Compare four different combinations using the Silhouette Score.
- Everything (Title, Description, Author) : 0.24500106275081635
- Title and Description : 0.31558099389076233
- Title and Author : 0.2562601864337921
- Description and Author: 0.2814783751964569
Due to the higher value of the silhouette score, use the Title and Description combination for k-Means clustering.
![](/assets/img/news_classification/Gemini_kmeans_Visulalization.png)

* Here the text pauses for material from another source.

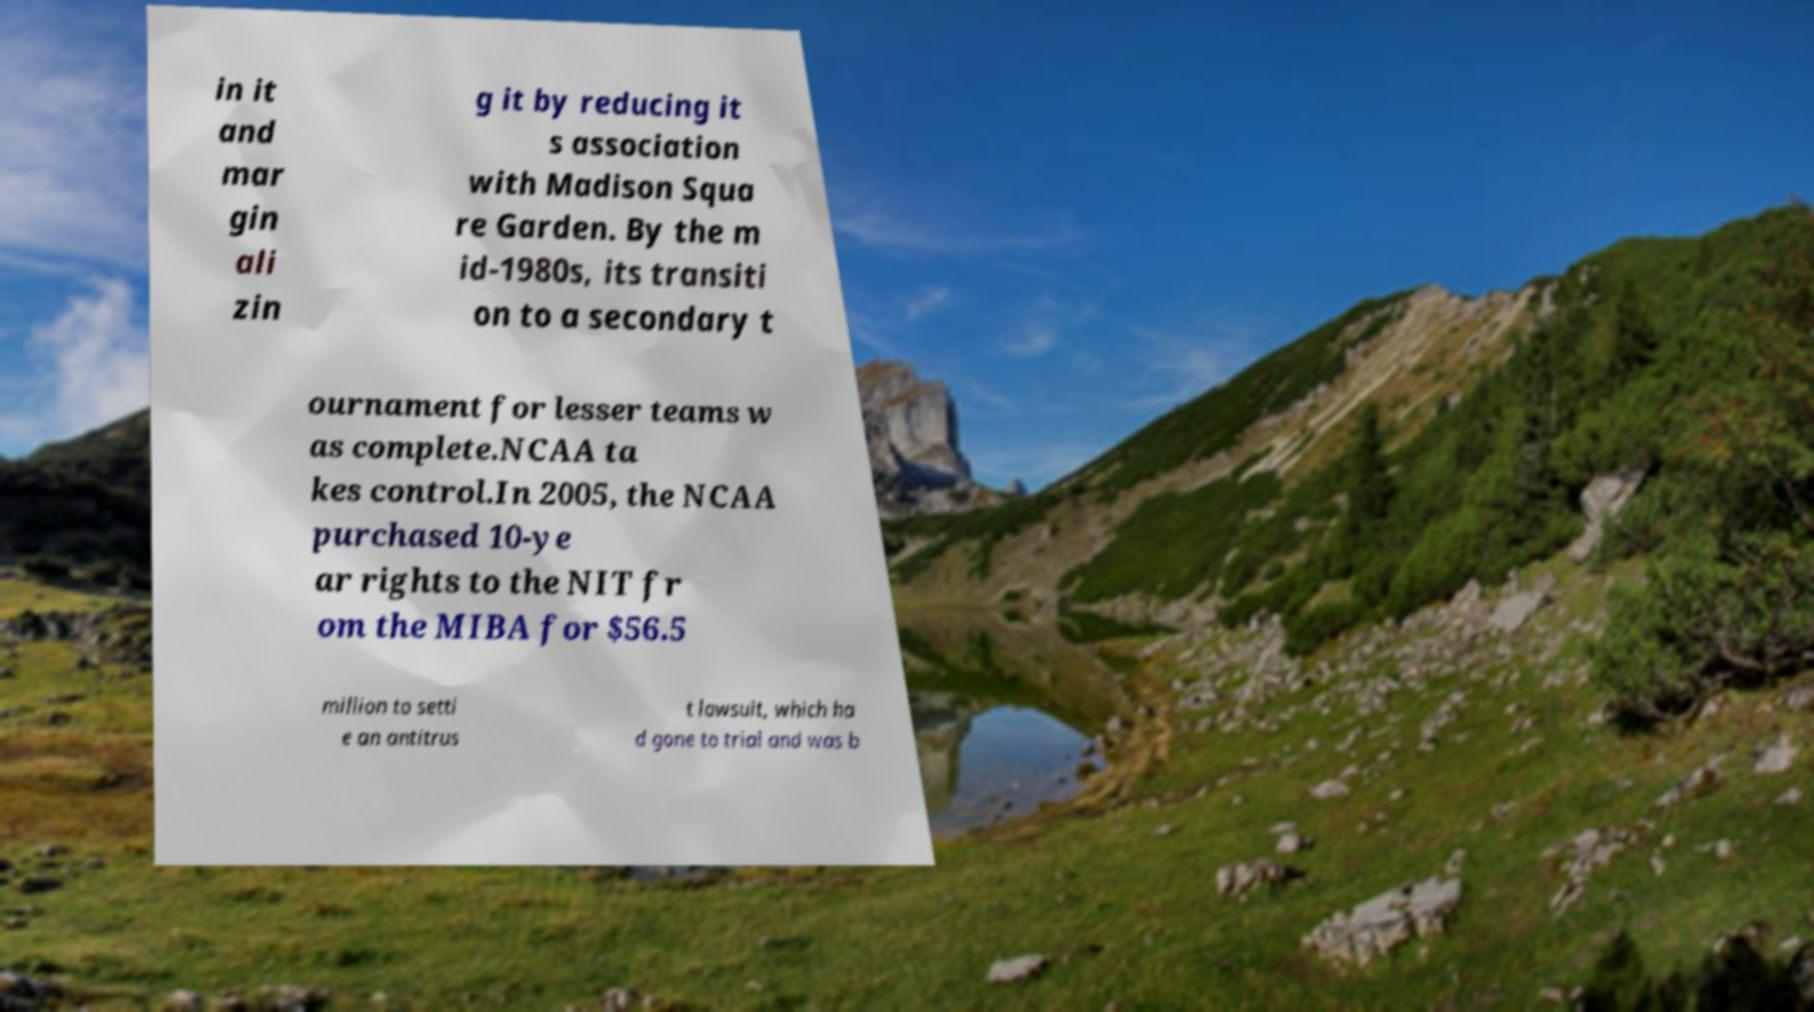What messages or text are displayed in this image? I need them in a readable, typed format. in it and mar gin ali zin g it by reducing it s association with Madison Squa re Garden. By the m id-1980s, its transiti on to a secondary t ournament for lesser teams w as complete.NCAA ta kes control.In 2005, the NCAA purchased 10-ye ar rights to the NIT fr om the MIBA for $56.5 million to settl e an antitrus t lawsuit, which ha d gone to trial and was b 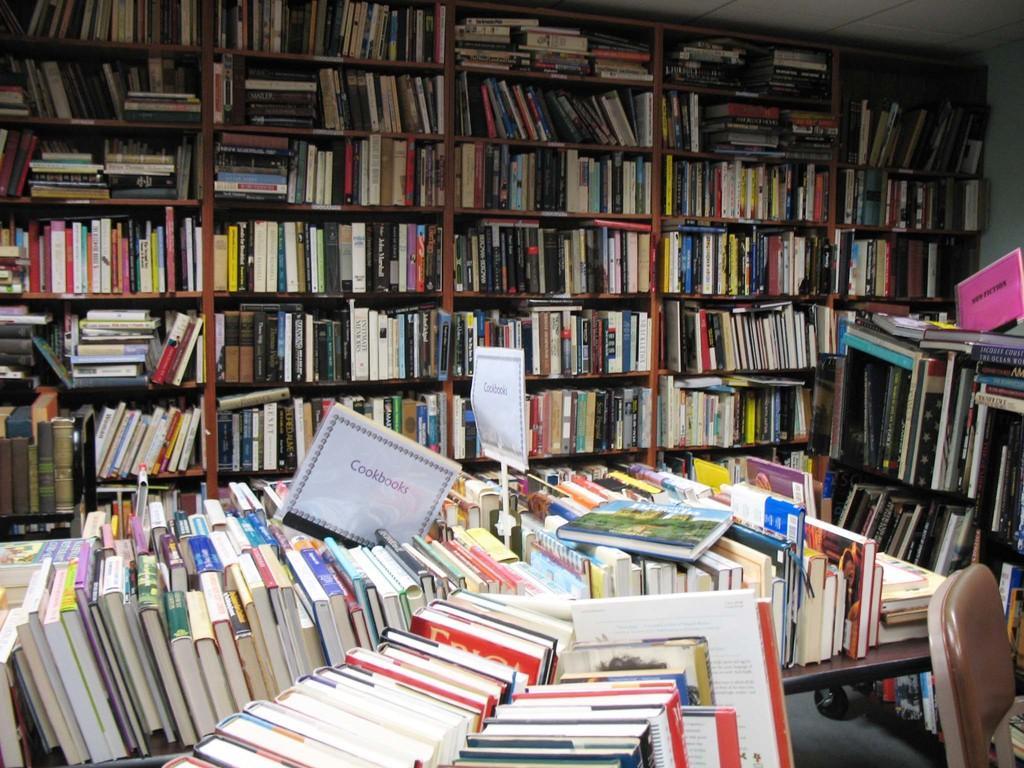Can you describe this image briefly? In this picture I can see placards and there are so many books arranged in an order on the table, there is a chair, and in the background there are books arranged in an order in the racks.

The result of five of each cluster
-
Cluster 0 Articles (165) - Society :
4 Giant floats return, drawing thousands to 89th Thanksgiving Parade in Loop
27 Editorial: Abe Lincoln‘s generous gift: A day for Americans to give thanks—and eat turkey
28 Letters: Our nation would be wise to be thankful for its immigrants
34 We Should All Give Thanks for Taylor Swift
36 Grateful for a new home: Community members embrace migrants as many find meaning in their first Thanksgiving celebration in Chicago -
Cluster 1 Articles (221) - Mixed (Environment, Economics):
0 Real Estate Matters: Heir seeks clarity on possible taxes owed for sale of inherited property
2 Explainer: Global fossil fuel subsidies on the rise despite calls for phase-out
10 Norovirus outbreak investigation linked to $1 burrito event underway in Evanston, health department confirms
11 Exclusive: Barclays working on $1.25 billion cost plan, could cut up to 2,000 jobs -source
15 To save the climate, the oil and gas sector must slash planet-warming operations, report says -
Cluster 2 Articles (220) - Mixed (Sports, Society):
5 Jordan Love ties career high with 3 TD passes, leads Packers to 29-22 win over NFC North-leading Lions
7 Chicago Blackhawks’ Taylor Hall is expected to miss the rest of the season with a right knee injury
8 The 89th annual Chicago Thanksgiving Parade
18 4 takeaways from the Chicago Blackhawks’ 7-3 loss, including Bedard vs. Fantilli Part I and the ‘A-Teens’ power play debut
24 What’s J.J. McCarthy’s secret to staying focused? Daily meditation, says the Michigan QB and Nazareth alumnus. -
Cluster 3 Articles (203) - Politics:
6 Nikki Haley’s Medicare Advantage
14 What does Sam Altman’s firing — and quick reinstatement — mean for the future of AI?
16 Retailers are ready to kick off Black Friday just as shoppers pull back on spending
20 Return to Work Coming for Your Pandemic-Era Home…
29 David McGrath: I give thanks for these fine Americans -
Cluster 4 Articles (191) - Society:
1 Three men charged following Midlothian liquor store robbery
3 Police investigating 3-hour Thanksgiving armed robbery spree on West, Southwest Sides
9 Cops warn businesses of overnight burglaries on 47th Street in Kenwood neighborhood
12 Man, 30, seriously wounded overnight in shooting on Far South Side, police say
13 Thanksgiving forecast: Sunny conditions expected with highs in mid 40s
Result of Gemini classification
Result: loss: 0.5434 - accuracy: 0.8100 {‘loss’: 0.5433962345123291, ‘accuracy’: 0.8100000023841858}
![](/assets/img/news_classification/Gemini_Classifier_Performance.png)
Conclusion
Compared to GPT and Gemini, Gemini is more user-friendly. Gemini is easy to use and there are up-to-date guides. OpenAI has a guide for using it, but it’s outdated and requires some preprocessing. The result of the clustered data is more accurate when using the Gemini model than k-means clustering. These training models were unsupervised learning; this makes the accuracy of models lower. Additionally done ANN classification and Gemini classification. Also, Gemini shows more accuracy than the ANN model.